• [WHAT YOU SHOULD DO] Search the data for the string "forward" and gather each line it is in.

• [DATA PROVIDED]

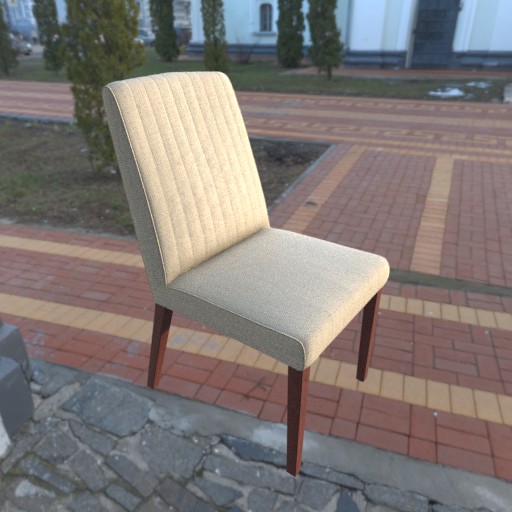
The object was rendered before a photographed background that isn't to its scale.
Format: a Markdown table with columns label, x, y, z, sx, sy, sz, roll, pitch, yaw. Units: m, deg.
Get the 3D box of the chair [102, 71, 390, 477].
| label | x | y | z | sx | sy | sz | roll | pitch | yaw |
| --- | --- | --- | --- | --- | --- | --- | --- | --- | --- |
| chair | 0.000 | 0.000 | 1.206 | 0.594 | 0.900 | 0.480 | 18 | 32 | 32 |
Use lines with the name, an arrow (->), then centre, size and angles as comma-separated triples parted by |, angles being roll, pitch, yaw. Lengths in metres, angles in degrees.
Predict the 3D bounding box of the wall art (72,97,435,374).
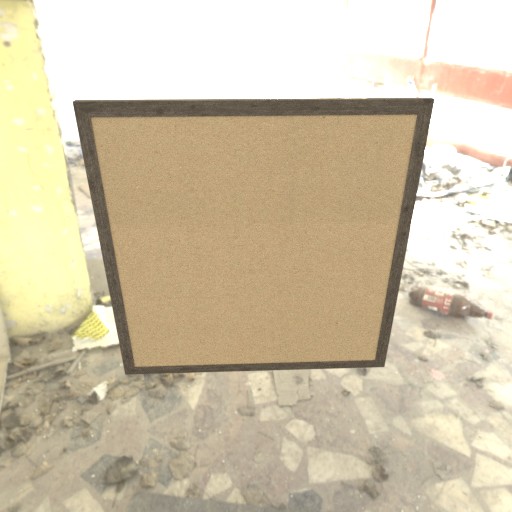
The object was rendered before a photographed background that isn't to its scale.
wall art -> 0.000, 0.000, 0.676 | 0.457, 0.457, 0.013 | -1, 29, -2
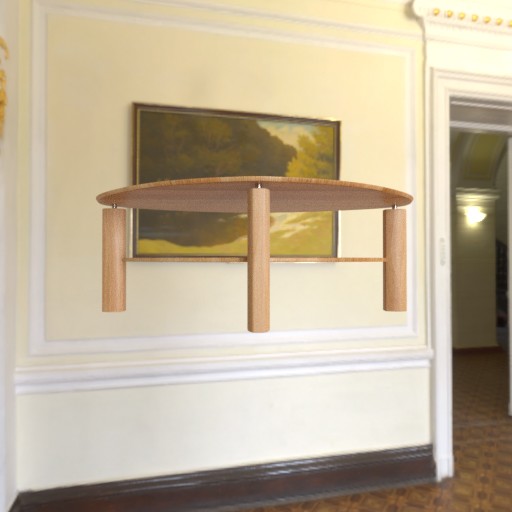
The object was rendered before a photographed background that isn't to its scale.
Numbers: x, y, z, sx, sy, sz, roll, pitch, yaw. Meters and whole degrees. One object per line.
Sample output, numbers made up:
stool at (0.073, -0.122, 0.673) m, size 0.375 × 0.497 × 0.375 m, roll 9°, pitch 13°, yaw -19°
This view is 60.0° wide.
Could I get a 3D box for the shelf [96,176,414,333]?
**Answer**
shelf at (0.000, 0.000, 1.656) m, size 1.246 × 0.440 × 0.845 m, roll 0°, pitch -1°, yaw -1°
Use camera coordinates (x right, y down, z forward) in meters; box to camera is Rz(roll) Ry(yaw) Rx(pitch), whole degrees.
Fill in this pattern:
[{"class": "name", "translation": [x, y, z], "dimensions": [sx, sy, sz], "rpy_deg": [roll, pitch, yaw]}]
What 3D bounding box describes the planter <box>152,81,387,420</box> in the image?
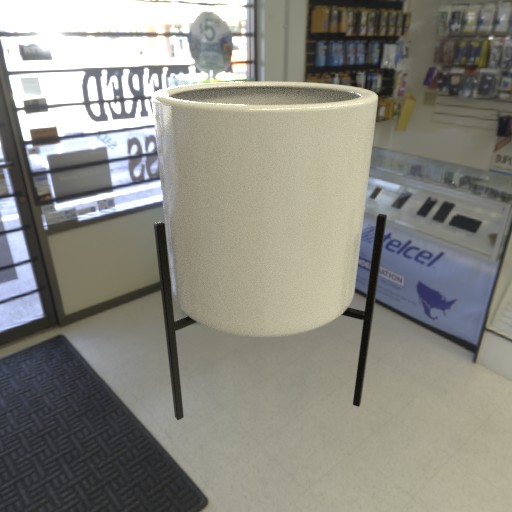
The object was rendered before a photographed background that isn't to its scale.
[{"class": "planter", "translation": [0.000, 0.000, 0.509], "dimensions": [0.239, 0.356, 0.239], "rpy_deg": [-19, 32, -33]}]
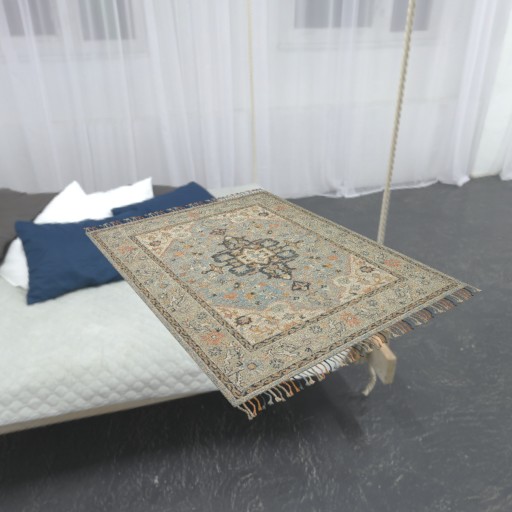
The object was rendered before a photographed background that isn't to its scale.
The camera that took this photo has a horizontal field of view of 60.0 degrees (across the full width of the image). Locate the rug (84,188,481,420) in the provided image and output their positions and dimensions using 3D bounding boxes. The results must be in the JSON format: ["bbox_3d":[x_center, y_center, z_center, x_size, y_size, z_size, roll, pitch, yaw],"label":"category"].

==

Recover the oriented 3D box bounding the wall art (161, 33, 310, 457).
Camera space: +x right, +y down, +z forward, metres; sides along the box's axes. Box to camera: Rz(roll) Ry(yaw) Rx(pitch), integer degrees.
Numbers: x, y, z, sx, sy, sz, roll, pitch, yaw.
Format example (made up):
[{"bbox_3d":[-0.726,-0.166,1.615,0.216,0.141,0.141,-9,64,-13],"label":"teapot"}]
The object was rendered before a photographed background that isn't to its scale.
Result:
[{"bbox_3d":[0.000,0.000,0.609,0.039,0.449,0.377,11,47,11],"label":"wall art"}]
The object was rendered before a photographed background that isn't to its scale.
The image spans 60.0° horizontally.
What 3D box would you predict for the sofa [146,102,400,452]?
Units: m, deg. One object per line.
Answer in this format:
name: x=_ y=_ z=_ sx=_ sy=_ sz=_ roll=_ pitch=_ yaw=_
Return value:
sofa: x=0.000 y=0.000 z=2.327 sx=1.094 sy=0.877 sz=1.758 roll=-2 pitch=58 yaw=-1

• [EXERCISE ANSWER]
Use camera coordinates (x right, y down, z forward) in meters; box to camera is Rz(roll) Ry(yaw) Rx(pitch), whole degrees.
Camera space: +x right, +y down, +z forward, metres; sides along the box's axes. Box to camera: Rz(roll) Ry(yaw) Rx(pitch), integer degrees.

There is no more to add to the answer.